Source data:
========================

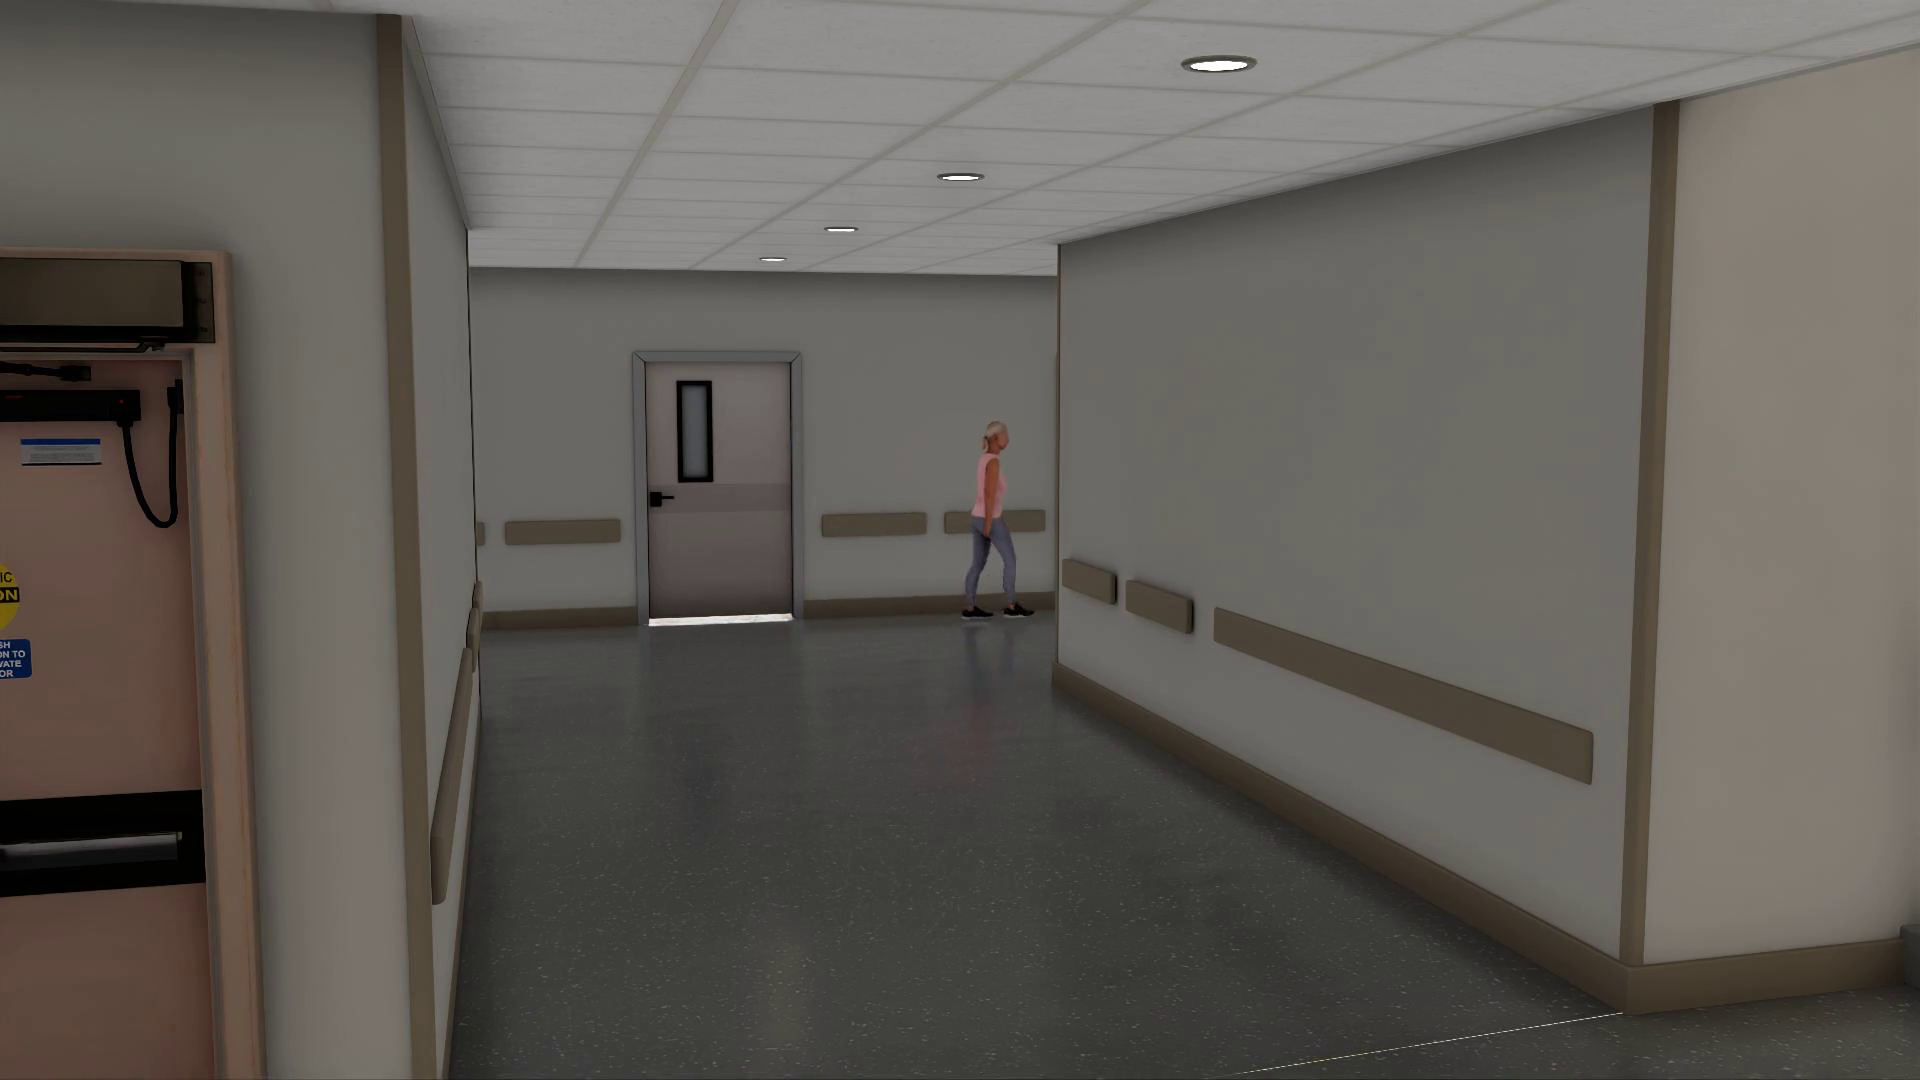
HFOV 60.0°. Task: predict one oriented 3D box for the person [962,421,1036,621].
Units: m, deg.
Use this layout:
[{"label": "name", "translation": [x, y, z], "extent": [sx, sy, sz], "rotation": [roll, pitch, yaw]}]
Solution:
[{"label": "person", "translation": [0.154, -0.149, 14.238], "extent": [0.827, 1.701, 0.579], "rotation": [-2, 6, -21]}]

========================

Work instructions:
Repeat the data word for word. Skip the pictures.

Result below:
HFOV 60.0°. Task: predict one oriented 3D box for the person [962,421,1036,621].
Units: m, deg.
Use this layout:
[{"label": "name", "translation": [x, y, z], "extent": [sx, sy, sz], "rotation": [roll, pitch, yaw]}]
Solution:
[{"label": "person", "translation": [0.154, -0.149, 14.238], "extent": [0.827, 1.701, 0.579], "rotation": [-2, 6, -21]}]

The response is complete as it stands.